Borja Terán  Periodista

Màxim Huerta y toda la libertad que hay detrás de su 'tuit' de despedida

El escritor y periodista Máximo Huerta.
El escritor y periodista Máximo Huerta.
GREG A. SEBASTIAN

Aquí, un tuit de Màxim Huerta: "Hoy ha sido mi último espacio de Palabras para Max en 'No es un día cualquiera'. Gracias al equipo de Carles Mesa y enhorabuena por el trabajo a los compañeros de programa. Por asuntos familiares necesito más tiempo en casa".

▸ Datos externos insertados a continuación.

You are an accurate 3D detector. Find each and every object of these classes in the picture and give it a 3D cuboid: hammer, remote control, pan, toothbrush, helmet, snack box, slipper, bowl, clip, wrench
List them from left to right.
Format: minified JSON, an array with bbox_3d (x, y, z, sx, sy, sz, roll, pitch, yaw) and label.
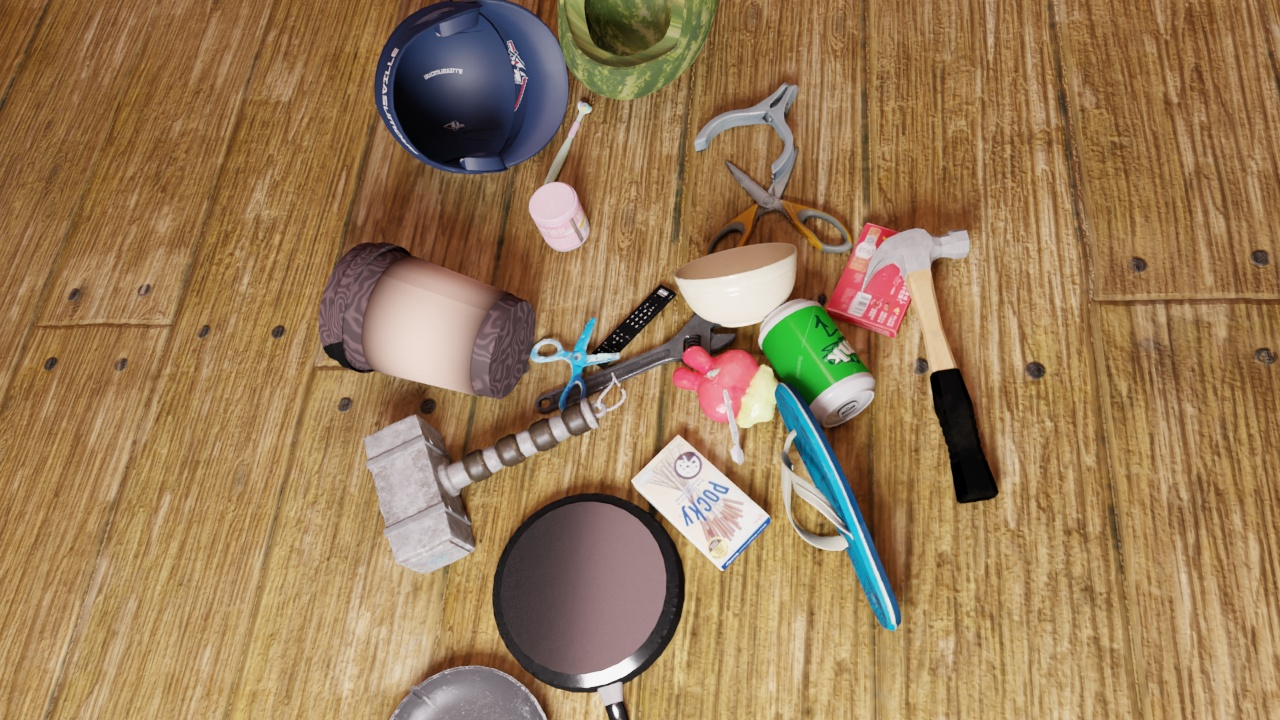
[{"bbox_3d":[-0.244,0.488,0.985,0.356,0.040,0.207,-41,64,-6],"label":"pan"},{"bbox_3d":[-0.233,-0.383,1.284,0.272,0.232,0.223,-13,24,-13],"label":"helmet"},{"bbox_3d":[-0.164,0.113,1.107,0.326,0.079,0.176,-25,63,3],"label":"hammer"},{"bbox_3d":[-0.107,-0.311,1.328,0.022,0.015,0.154,26,71,-11],"label":"toothbrush"},{"bbox_3d":[-0.046,0.316,1.020,0.225,0.034,0.355,-19,62,4],"label":"pan"},{"bbox_3d":[-0.011,-0.045,1.180,0.140,0.009,0.030,-46,50,-14],"label":"remote control"},{"bbox_3d":[-0.007,0.007,1.160,0.273,0.018,0.073,-23,59,4],"label":"wrench"},{"bbox_3d":[-0.005,-0.489,1.262,0.213,0.248,0.242,23,31,2],"label":"helmet"},{"bbox_3d":[0.069,0.163,1.066,0.082,0.026,0.150,-45,64,-9],"label":"snack box"},{"bbox_3d":[0.099,0.074,1.012,0.010,0.182,0.010,30,70,26],"label":"toothbrush"},{"bbox_3d":[0.121,-0.087,1.115,0.151,0.150,0.075,-11,107,8],"label":"bowl"},{"bbox_3d":[0.148,-0.306,1.256,0.166,0.032,0.164,-12,60,6],"label":"clip"},{"bbox_3d":[0.195,0.155,0.993,0.060,0.118,0.294,-20,67,-5],"label":"slipper"},{"bbox_3d":[0.297,-0.101,1.135,0.089,0.021,0.132,21,72,21],"label":"snack box"},{"bbox_3d":[0.345,0.000,1.056,0.131,0.039,0.327,-9,69,3],"label":"hammer"}]

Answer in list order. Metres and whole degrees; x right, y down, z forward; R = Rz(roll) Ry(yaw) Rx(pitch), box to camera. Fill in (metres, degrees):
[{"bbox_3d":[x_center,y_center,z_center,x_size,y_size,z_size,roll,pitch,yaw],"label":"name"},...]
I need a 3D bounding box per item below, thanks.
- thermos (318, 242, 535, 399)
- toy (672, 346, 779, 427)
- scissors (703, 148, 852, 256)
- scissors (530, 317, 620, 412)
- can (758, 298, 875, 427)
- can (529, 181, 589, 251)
[{"bbox_3d":[-0.263,-0.044,1.163,0.226,0.173,0.172,17,71,14],"label":"thermos"},{"bbox_3d":[0.104,0.030,1.106,0.135,0.045,0.091,20,83,15],"label":"toy"},{"bbox_3d":[0.178,-0.189,1.207,0.230,0.016,0.224,26,72,23],"label":"scissors"},{"bbox_3d":[-0.087,0.007,1.165,0.134,0.011,0.139,-4,63,25],"label":"scissors"},{"bbox_3d":[0.205,0.002,1.073,0.088,0.088,0.139,-30,63,-1],"label":"can"},{"bbox_3d":[-0.109,-0.194,1.241,0.067,0.076,0.067,-5,65,11],"label":"can"}]
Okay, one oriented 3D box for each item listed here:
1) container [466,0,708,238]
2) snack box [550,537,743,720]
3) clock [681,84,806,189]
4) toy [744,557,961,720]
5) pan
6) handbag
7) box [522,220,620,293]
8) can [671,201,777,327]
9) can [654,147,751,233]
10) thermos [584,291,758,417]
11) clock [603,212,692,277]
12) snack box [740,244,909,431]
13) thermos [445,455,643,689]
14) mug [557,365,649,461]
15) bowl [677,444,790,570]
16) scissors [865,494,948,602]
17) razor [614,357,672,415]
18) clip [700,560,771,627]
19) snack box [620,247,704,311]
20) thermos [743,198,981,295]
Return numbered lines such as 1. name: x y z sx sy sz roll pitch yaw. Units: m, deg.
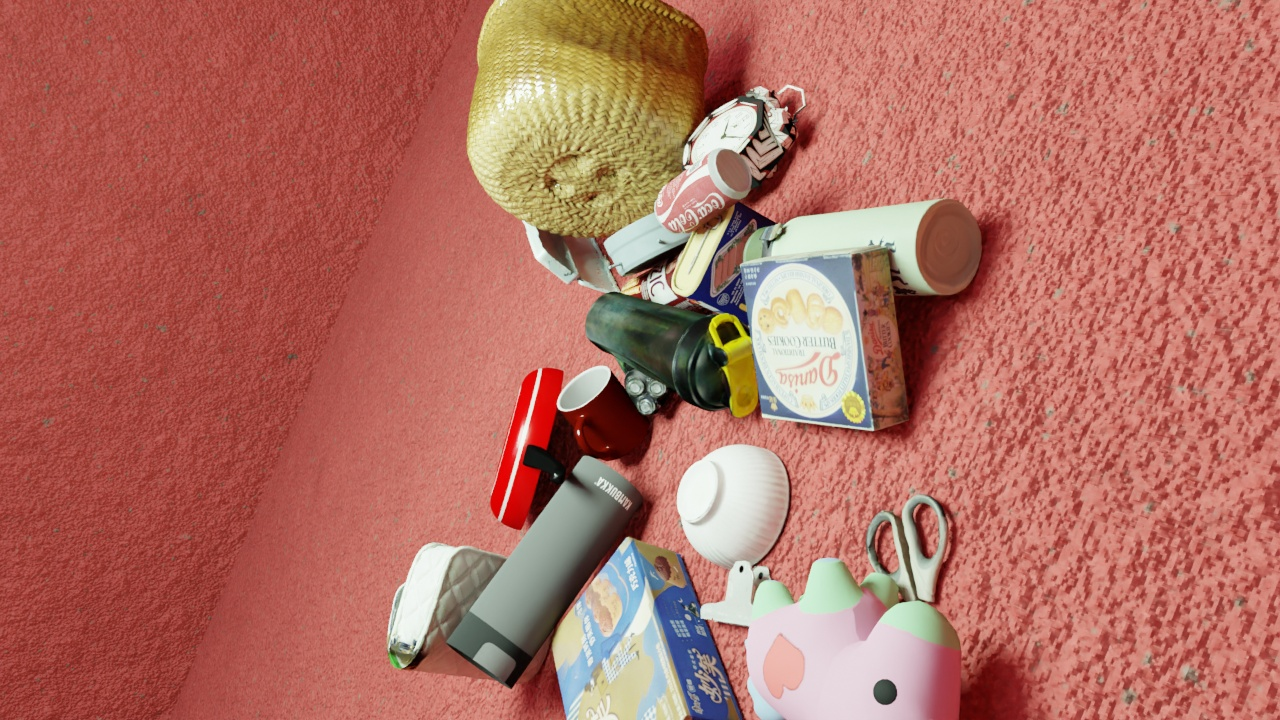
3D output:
1. container: -0.067 -0.293 1.145 0.308 0.306 0.196 -30 49 47
2. snack box: -0.003 0.294 0.850 0.155 0.069 0.202 -55 31 23
3. clock: 0.124 -0.244 1.022 0.155 0.065 0.114 -38 37 16
4. toy: 0.137 0.229 0.634 0.223 0.120 0.170 -40 35 51
5. pan: -0.130 0.111 1.095 0.356 0.067 0.209 -176 102 -82
6. handbag: -0.182 0.283 1.023 0.073 0.194 0.138 3 71 40
7. box: -0.104 -0.157 1.269 0.041 0.134 0.197 -47 33 17
8. can: 0.097 -0.101 0.940 0.116 0.092 0.056 -65 29 4
9. can: 0.059 -0.163 0.893 0.097 0.054 0.054 -28 47 49
10. thermos: 0.032 -0.017 0.953 0.221 0.098 0.098 24 91 49
11. clock: 0.029 -0.141 1.049 0.123 0.159 0.045 -25 89 35
12. snack box: 0.152 -0.019 0.774 0.145 0.042 0.145 3 104 60
13. thermos: -0.098 0.221 0.966 0.240 0.082 0.082 -53 25 -19
14. mug: -0.045 0.070 1.031 0.073 0.082 0.105 -22 30 27
15. bowl: 0.075 0.128 0.846 0.118 0.062 0.117 -38 40 41
16. scissors: 0.195 0.181 0.664 0.121 0.012 0.171 -6 69 58
17. razor: -0.006 0.006 1.056 0.054 0.067 0.151 -59 37 18
18. clip: 0.087 0.203 0.797 0.102 0.050 0.058 -13 72 55
19. snack box: 0.037 -0.081 1.047 0.122 0.072 0.072 -23 51 52
20. thermos: 0.179 -0.096 0.809 0.232 0.082 0.082 7 76 60

En realidad, es más que un tuit. A simple vista, una despedida. En el fondo, estas líneas esconden la catarsis del trabajo profundo que hay detrás de uno de los espacios más brillantes de la radio actual. Porque Palabras para Max ha sido y es uno de los espacios más brillantes de la radio actual. Una sección de esas que esperas con ilusión porque te reta, te descubre. Porque no la puedes pronosticar.

Ahora se acaba. Ojalá sea un ida que encuentra un billete de vuelta. Palabras para Max ha trascendido porque ha sido un ejercicio de libertad de Màxim Huerta. Con su capacidad para jugar en el directo, con su cualidad para compartir emociones, ironías, frustraciones y, en definitiva, vivencias como si tal cosa. No sucede mucho en la radio de hoy. Máxim es verdad. Incontrolable verdad.

"La radio sólo se puede improvisar si hay detrás un relato bien tejido."

Aunque es esa verdad que sabe cuándo y dónde está el límite. Esa verdad que es traviesa pero responsable, que tiene un punto de candidez infantil entremezclada con la sabiduría de la experiencia. Esa verdad que entiende que en la radio sólo se puede improvisar si hay detrás un relato bien preparado, hilado, tejido.

Palabras para Max es literatura radiofónica. Literatura para todos los públicos, pues mientras todo parece una reunión distendida entre colegas interrumpiéndose hay detrás un guion con un arco narrativo que crece por los variopintos significados de la cultura de la palabra, esa cultura que retrata cómo somos. Incluso lo contradictorios que somos. Palabras para Max es la radio que se bebe en un instante pero que, ojo, lleva horas y horas de pensamientos en el proceso de preparación de un guion que luego se lanza sin red al aire de lo inesperado. Y tal vez, por eso mismo, a veces, hay que parar para respirar y seguir pensando. Eso, al fin y al cabo, también es la verdadera libertad.